Debt Equity Ratio dalam perpajakan adalah perbandingan antara jumlah utang dan modal yang digunakan dalam perhitungan pajak. Peraturan yang mengatur atas DER dalam perpajakan ini adalah Peraturan Menteri Keuangan Republik Indonesia Nomor 169/PMK.010/2015 tentang Penentuan Besarnya Antara Utang dan Modal Perusahaan untuk Keperluan Penghitungan Pajak Penghasilan. Pada PMK tersebut angka DER adalah 4:1. Dimana kita ketahui cara menghitung DER adalah total utang/total ekuitas, dan jika hasil dibawah 1.00 maka perusahaan termasuk dalam kategori sehat, karena memiliki saldo utang lebih kecil di banding saldo ekuitas(modal).

PMK nomor 169/2015 pasal 1 ayat 1 “untuk keperluan penghitungan Pajak Penghasilan ditetapkan besarnya perbandingan antara utang dan modal bagi Wajib Pajak Badan yang didirikan atau bertempat kedudukan di Indonesia  yang modalnya terbagi atas saham-saham.” Dalam peraturan juga disebutkan utang dan modal yang dimaskud adalah rata-rata saldo utang atau modal dalam satu tahun pajak. Pada pasal 1 ayat 5 menjelaskan bahwa modal juga termasuk yang sesuai dengan standar akuntansi keuangan yang berlaku dan pinjaman tanpa bunga dari pihak yang memiliki hubungan istimewa. Hubungan istimewa disini dapat disebut juga sebagai pemegang saham.

Oleh karena itu, peraturan ini juga menjelaskan dalam hal perbandingan saldo utang dan modal dari wajip pajak lebih besar perbandingan 4:1, maka biaya pinjaman dapat diakui sebagai deductible expenses, dengan memperhatikan ketentuan klasifikasi utang dan modal yang disebutkan pada PMK 169/2015. Biaya yang dimaksud adalah :

  1. bunga pinjaman;
  2. diskonto dan premium yang terkait dengan pinjaman;
  3. biaya tambahan yang terjadi yang terkait dengan perolehan pinjaman (arrangement of borrowings);
  4. beban keuangan dalam sewa pembiayaan;
  5. biaya imbalan karena jaminan pengembalian utang; dan
  6. selisih kurs yang berasal dari pinjaman dalam mata uang asing sepanjang selisih kurs tersebut sebagai penyesuaian terhadap biaya bunga dan biaya sebagaimana dimaksud pada huruf b, huruf c, huruf d, dan huruf e.

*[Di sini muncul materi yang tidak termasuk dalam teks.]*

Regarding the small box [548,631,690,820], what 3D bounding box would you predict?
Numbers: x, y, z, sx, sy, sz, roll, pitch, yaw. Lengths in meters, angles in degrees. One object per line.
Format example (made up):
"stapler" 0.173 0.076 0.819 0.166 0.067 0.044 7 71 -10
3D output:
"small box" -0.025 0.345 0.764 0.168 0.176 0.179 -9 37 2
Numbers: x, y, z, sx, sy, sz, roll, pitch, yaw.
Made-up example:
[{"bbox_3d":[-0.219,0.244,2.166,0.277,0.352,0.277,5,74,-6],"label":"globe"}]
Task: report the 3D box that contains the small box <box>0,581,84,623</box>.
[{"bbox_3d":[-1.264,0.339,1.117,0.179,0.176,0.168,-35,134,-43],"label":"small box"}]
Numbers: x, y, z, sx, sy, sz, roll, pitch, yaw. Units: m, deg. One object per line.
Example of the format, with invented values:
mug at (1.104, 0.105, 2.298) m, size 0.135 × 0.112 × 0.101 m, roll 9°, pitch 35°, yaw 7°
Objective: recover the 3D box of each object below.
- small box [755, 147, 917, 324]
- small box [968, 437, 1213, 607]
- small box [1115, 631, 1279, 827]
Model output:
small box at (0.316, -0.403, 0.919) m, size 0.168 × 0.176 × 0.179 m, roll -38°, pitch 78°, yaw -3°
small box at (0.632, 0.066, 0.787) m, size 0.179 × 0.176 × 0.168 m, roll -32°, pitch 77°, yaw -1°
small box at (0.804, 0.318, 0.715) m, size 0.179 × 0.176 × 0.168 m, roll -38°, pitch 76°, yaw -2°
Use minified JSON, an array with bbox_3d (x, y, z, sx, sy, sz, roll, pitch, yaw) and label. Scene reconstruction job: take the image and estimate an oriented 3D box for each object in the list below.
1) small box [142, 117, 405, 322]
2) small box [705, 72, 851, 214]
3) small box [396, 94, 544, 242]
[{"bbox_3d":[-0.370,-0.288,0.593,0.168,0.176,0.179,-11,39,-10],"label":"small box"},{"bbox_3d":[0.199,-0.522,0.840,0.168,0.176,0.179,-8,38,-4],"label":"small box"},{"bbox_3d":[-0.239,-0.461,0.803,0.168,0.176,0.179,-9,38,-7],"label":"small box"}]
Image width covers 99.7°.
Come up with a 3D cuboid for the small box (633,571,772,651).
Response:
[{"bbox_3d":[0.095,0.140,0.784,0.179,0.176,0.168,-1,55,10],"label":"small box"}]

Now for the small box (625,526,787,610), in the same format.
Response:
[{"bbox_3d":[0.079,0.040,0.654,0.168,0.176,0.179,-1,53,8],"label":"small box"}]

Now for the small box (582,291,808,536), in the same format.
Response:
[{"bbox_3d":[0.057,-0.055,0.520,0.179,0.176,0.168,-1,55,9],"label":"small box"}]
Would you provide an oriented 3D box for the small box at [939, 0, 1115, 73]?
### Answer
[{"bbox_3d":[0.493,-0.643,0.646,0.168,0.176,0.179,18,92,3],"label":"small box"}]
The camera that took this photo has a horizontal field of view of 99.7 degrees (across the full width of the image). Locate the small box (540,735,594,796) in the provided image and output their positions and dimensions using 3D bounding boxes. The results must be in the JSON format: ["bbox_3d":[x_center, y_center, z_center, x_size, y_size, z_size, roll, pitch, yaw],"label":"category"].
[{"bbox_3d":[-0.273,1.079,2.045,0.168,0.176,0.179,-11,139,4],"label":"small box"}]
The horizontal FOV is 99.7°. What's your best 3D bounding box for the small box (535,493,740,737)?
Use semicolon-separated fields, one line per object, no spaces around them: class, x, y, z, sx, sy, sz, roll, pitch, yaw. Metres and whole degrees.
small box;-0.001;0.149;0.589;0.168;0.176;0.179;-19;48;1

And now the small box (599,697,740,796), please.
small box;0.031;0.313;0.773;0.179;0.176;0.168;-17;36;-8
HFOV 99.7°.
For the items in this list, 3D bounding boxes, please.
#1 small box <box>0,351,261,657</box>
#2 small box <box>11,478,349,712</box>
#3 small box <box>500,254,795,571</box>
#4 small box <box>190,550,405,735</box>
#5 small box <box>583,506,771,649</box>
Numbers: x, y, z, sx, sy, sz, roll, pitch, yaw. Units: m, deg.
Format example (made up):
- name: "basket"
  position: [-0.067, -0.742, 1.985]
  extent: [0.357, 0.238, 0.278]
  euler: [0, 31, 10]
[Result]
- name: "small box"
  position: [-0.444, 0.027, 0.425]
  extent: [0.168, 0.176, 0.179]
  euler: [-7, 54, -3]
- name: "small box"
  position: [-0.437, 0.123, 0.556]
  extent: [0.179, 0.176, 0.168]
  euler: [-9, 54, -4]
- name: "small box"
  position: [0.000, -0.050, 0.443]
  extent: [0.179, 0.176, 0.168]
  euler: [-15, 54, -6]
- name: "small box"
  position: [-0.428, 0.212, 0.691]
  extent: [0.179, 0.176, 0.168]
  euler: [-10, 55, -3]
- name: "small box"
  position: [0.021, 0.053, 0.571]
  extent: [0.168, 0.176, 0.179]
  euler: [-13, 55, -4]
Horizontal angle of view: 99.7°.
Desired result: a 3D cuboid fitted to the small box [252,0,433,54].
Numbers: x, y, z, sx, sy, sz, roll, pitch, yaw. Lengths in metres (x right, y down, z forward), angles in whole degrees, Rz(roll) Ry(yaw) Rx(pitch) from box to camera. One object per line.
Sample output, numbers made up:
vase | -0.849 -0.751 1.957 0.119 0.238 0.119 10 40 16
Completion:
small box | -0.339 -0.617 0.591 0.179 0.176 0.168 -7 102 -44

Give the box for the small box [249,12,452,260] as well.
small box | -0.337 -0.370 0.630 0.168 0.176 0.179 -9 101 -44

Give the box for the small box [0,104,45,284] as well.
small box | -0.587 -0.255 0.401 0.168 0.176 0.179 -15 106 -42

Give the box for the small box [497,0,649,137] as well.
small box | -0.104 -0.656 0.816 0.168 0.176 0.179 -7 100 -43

Wajib pajak yang dikecualikan dalam peraturan ini adalah :

  1. Wajib Pajak bank;
  2. Wajib Pajak lembaga pembiayaan;
  3. Wajib Pajak asuransi dan reasuransi;
  4. Wajib Pajak yang menjalankan usaha di bidang pertambangan minyak dan gas bumi, pertambangan umum, dan pertambangan lainnya yang terikat kontrak bagi hasil, kontrak karya, atau perjanjian kerjasama pengusahaan pertambangan, dan dalam kontrak atau perjanjian dimaksud mengatur atau mencantumkan ketentuan mengenai batasan perbandingan antara utang dan modal; dan
  5. Wajib Pajak yang atas seluruh penghasilannya dikenai Pajak Penghasilan yang bersifat final berdasarkan peraturan perundang-undangan tersendiri; dan
  6. Wajib Pajak yang menjalankan usaha di bidang infrastruktur.

Untuk wajib pajak yang ingin memanfaatkan PMK ini, dapat melihat PER 25/PJ/2017 yang menetapkan Peraturan Direktur Jenderal Pajak Tentang Pelaksanaan Penentuan Besarnya Perbandingan Antara Utang Dan Modal Perusahaan Untuk Keperluan Penghitungan Pajak Penghasilan Dan Tata Cara Pelaporan Utang Swasta Luar Negeri.

Kesimpulan :

Kebijakan ini bertujuan agar kondisi keuangan perusahaan agar tetap sehat dan dana pengurang pajak penghasilan tersebut dapat dimanfaatkan perusahaan untuk membayar utangnya. Tujuan dibentuk nya rasio agar mengurangi tindakan kecurangan perusahaan yang mengakui ekuitas dan hutang fiktif yang dimanfaatkan untuk meningkatkan deductible expenses. Wajib pajak direkomendasikan untuk melakukan kebijakan tersebut, karena mengurangi beban pajak, sehingga perusahaan dapat menggunakan dana lebih nya untuk keperluan pembayaran hutang atau operasional perusahaan lainnya.